- Location: Krishnapur, Sylhet, East Pakistan
- Date: 18 September 1971 (UTC+6:00)
- Target: Bengali Hindus
- Attack type: Massacre
- Weapons: Rifles
- Deaths: 127
- Perpetrators: Pakistani army, Razakars

= Krishnapur massacre =

Krishnapur massacre (কৃষ্ণপুর হত্যাকান্ড) took place on 18 September 1971 in Krishnapur and neighbouring villages in the district of Sylhet in Bangladesh. In Krishnapur, the Pakistani army shot 127 Bengali Hindus to death. In the neighbouring villages more than a 100 Hindus were killed.

== Background ==
Krishnapur was a remote village in the district of Sylhet located in swamp alongside the Balabhadra river. At present the village falls under the Lakhai Upazila, in the south western extremity Habiganj District. Krishnapur is five kilometres to the south of Lakhai police station. To the south of the village runs the Balabhadra river that separates the districts of Habiganj and Brahmanbaria. Krishnapur and the neighbouring Chandipur were Hindu majority villages.

== Killings ==
During the first six months of the Liberation War, the people of Krishnapur had led normal lives. Krishnapur, being a remote area, many Hindus took shelter in the village hoping that it would not be attacked by the Pakistani army. Although the Pakistani Army had taken control of Habiganj and arrived as far as Lakhai, they hadn't proceeded towards Krishnapur. In August, 1971, the Pakistani army committed several war crimes including massacres of the Hindu population in area constituted by present-day Habiganj District. However, after September, the atrocities of the Pakistani Army subsided. However, on 16 September a group of villagers from Krishnapur who had gone to Lakhai were spotted by some boats from Astagram.

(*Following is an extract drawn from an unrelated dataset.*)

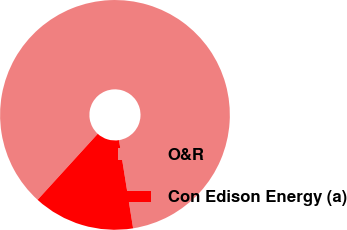<chart> <loc_0><loc_0><loc_500><loc_500><pie_chart><fcel>O&R<fcel>Con Edison Energy (a)<nl><fcel>85.71%<fcel>14.29%<nl></chart>

On 17 September, the Razakars arrived at the dead of the night in country boats and encircled the entire village. In the early morning hours of 18 September, between 4 AM and 5 AM, a group of Pakistani soldiers arrived at Krishnapur from Astagram camp in Kishoreganj. The Pakistani contingent arrived in two speedboats in two groups. One group of soldiers alighted from the boat and started firing indiscriminately as they entered the village. The other group patrolled around the village the speedboat. At this time, the Razakars too began to fire as they entered the village and started looting. They went from door to door and robbed the villagers of their cash and jewellery at gunpoint. The Pakistani soldiers, incited by the Razakars, set fire to all the houses of the village. Then they rounded up 130 men in front of the Kamalamayee High School. The men were made to stand in a line and burst fired. Pramod Ray, Nabadwip Ray and Haridas Ray survived with bullet wounds after being shot. They were handicapped for the rest of their lives. In the Chandipur locality, there were only 16 families, all of whom were made to stand in a line and burst fired. 45 Hindus were killed. Only two persons survived the massacre. In Lalchanpur locality, 40 Hindus were rounded up in the residence of Madhu Namashudra. After being robbed, they were made to stand in a line and shot to death. Hindus were similarly shot dead in Gokulnagar.

== Investigation ==
On 4 March 2010, survivor named Haridas Ray filed a lawsuit against Liakat Ali and other Razakars at the Habiganj District Magistrate Court. Liakat Ali is from Morakari village, Lakhai Upazila, Habiganj District and the President of Lakhai Upazila Awami League. Soon after filing the lawsuit, Ray began to receive death threats from the Razakars. On 7 June 2010, he filed a general diary in the police station. On 12 August 2010, the Krishnapur massacre was taken up as the first case of crime against humanity by the International Crimes Tribunal from the Sylhet Division.